→ PROBLEM REQUIREMENTS
From the records below, extract only the lines running from the line with "def vdn_scope" to the line with "Your answer should be compact. 2006.", both lines included, reproducing them exactly.

BEGIN DATASET EXCERPTS

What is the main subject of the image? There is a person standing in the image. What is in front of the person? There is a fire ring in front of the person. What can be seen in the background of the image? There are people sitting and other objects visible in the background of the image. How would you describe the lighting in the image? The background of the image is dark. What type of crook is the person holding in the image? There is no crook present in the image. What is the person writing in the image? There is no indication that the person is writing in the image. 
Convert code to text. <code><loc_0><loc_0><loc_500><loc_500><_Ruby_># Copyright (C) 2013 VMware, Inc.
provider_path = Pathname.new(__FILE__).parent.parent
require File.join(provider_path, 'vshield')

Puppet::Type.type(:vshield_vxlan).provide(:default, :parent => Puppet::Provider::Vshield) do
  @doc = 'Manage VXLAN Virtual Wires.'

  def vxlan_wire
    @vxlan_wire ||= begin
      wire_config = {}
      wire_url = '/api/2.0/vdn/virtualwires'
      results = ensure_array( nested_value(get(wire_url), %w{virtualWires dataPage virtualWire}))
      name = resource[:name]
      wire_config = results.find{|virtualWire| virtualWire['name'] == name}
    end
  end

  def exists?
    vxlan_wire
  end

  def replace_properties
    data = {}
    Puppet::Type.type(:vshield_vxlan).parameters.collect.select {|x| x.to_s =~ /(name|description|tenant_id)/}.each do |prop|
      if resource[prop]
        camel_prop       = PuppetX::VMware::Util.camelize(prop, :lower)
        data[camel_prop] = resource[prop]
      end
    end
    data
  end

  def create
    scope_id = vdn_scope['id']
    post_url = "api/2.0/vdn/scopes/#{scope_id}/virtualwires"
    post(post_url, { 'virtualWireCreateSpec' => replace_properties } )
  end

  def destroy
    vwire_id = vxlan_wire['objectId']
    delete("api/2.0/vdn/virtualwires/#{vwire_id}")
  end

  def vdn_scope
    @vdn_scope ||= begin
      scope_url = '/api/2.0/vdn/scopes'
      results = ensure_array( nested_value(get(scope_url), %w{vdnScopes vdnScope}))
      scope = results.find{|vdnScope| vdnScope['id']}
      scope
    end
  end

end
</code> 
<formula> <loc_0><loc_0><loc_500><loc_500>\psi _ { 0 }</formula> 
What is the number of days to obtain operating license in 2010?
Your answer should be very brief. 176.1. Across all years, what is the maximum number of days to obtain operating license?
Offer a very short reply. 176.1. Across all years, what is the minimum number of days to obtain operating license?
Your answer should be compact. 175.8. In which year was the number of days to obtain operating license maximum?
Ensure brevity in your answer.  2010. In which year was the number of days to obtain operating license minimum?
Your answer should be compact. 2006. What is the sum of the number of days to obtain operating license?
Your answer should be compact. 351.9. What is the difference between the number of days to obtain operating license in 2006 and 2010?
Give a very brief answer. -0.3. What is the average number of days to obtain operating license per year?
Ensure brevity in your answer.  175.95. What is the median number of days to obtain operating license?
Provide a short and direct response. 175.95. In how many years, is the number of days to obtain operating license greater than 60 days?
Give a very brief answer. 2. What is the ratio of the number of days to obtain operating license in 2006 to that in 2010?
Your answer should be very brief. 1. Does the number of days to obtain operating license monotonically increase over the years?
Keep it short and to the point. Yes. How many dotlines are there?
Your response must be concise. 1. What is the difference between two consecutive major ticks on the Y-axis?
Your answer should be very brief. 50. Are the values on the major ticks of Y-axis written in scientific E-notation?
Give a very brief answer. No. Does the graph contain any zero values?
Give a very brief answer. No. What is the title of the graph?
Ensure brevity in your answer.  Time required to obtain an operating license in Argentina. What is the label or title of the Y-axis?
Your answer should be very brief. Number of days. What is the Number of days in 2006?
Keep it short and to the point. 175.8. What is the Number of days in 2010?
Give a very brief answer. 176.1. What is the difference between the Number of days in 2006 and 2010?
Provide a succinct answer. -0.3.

END DATASET EXCERPTS
BEGIN DATASET EXCERPTS

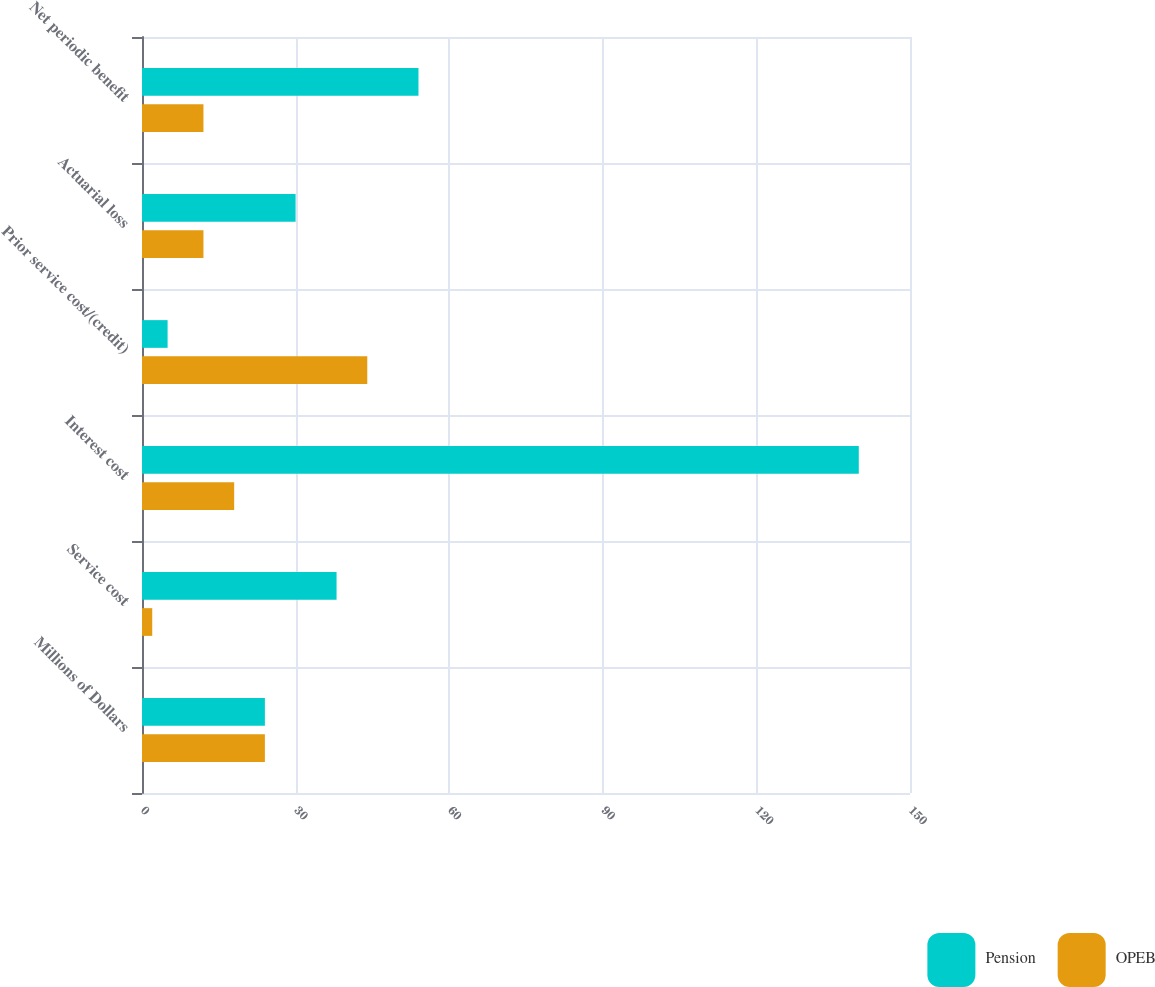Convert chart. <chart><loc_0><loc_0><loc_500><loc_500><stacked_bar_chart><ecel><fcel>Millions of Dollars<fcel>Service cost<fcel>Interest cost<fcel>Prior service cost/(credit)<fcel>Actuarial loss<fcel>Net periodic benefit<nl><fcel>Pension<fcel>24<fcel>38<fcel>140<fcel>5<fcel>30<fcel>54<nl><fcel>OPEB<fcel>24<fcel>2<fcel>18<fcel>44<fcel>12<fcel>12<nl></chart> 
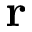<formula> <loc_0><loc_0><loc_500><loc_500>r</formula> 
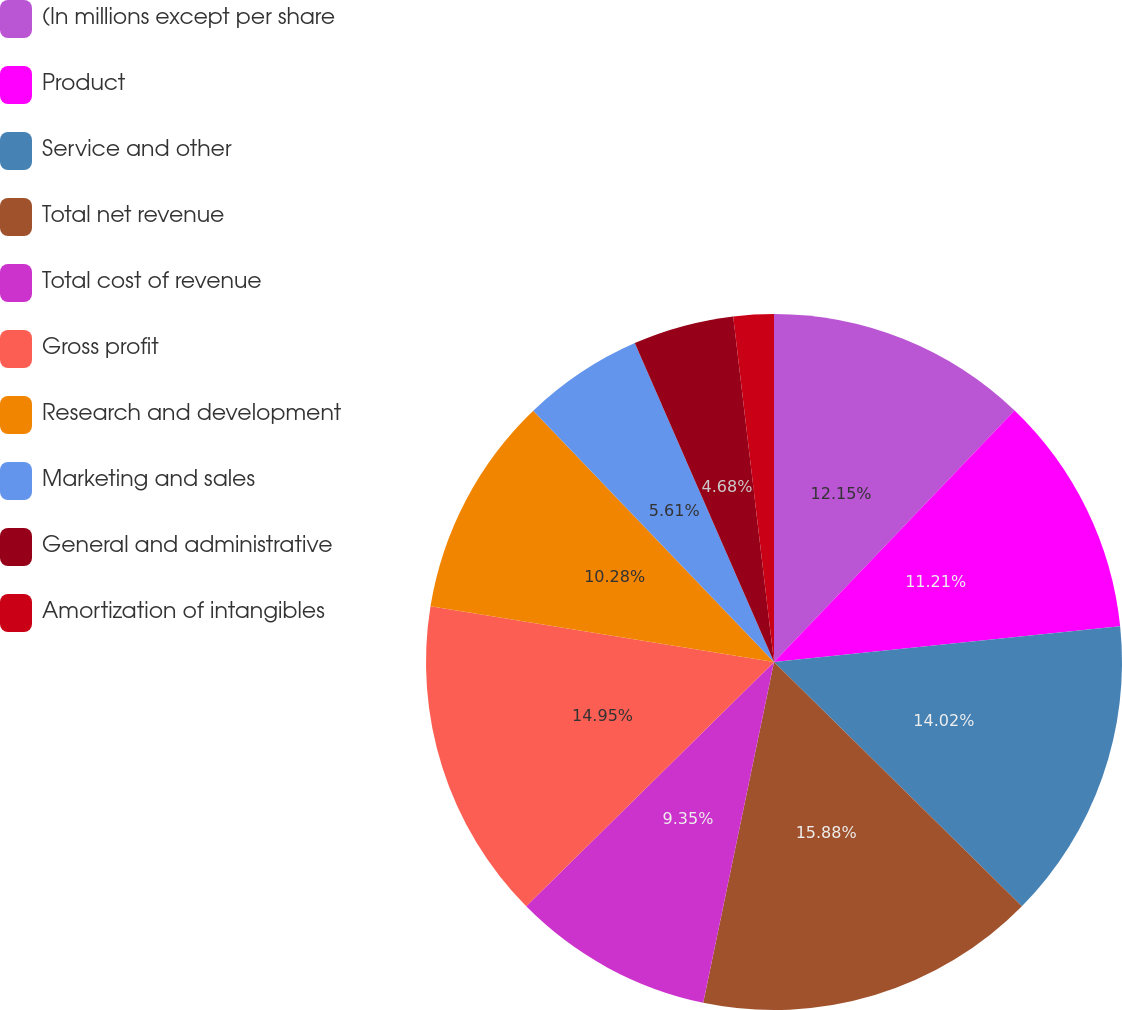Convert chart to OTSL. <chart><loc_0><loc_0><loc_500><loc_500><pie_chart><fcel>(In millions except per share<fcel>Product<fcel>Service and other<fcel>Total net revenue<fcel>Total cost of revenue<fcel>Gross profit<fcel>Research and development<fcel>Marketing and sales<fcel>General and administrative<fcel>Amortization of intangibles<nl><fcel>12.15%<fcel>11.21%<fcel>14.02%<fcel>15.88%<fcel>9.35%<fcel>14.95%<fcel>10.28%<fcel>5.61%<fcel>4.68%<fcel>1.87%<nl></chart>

END DATASET EXCERPTS
BEGIN DATASET EXCERPTS

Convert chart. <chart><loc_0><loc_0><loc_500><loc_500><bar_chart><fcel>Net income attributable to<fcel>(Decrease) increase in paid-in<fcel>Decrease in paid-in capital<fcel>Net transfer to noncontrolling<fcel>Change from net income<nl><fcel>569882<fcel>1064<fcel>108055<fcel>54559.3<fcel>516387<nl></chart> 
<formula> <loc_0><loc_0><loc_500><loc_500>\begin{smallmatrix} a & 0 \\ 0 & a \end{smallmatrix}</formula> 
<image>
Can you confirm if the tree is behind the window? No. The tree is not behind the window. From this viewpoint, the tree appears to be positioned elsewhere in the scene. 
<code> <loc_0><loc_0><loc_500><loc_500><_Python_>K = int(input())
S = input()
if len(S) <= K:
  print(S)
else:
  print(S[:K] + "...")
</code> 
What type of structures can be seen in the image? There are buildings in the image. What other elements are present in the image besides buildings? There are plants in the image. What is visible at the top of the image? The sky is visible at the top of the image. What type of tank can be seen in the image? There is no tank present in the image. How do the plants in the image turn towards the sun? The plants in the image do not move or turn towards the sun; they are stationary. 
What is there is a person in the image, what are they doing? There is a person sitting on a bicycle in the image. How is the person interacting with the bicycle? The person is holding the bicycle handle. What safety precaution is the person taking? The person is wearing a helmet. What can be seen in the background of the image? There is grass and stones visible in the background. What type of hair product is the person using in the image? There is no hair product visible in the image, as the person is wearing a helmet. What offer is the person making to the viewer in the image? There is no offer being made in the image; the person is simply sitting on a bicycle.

END DATASET EXCERPTS

→ ANSWER SPACE
  def vdn_scope
    @vdn_scope ||= begin
      scope_url = '/api/2.0/vdn/scopes'
      results = ensure_array( nested_value(get(scope_url), %w{vdnScopes vdnScope}))
      scope = results.find{|vdnScope| vdnScope['id']}
      scope
    end
  end

end
</code> 
<formula> <loc_0><loc_0><loc_500><loc_500>\psi _ { 0 }</formula> 
What is the number of days to obtain operating license in 2010?
Your answer should be very brief. 176.1. Across all years, what is the maximum number of days to obtain operating license?
Offer a very short reply. 176.1. Across all years, what is the minimum number of days to obtain operating license?
Your answer should be compact. 175.8. In which year was the number of days to obtain operating license maximum?
Ensure brevity in your answer.  2010. In which year was the number of days to obtain operating license minimum?
Your answer should be compact. 2006. What is the sum of the number of days to obtain operating license?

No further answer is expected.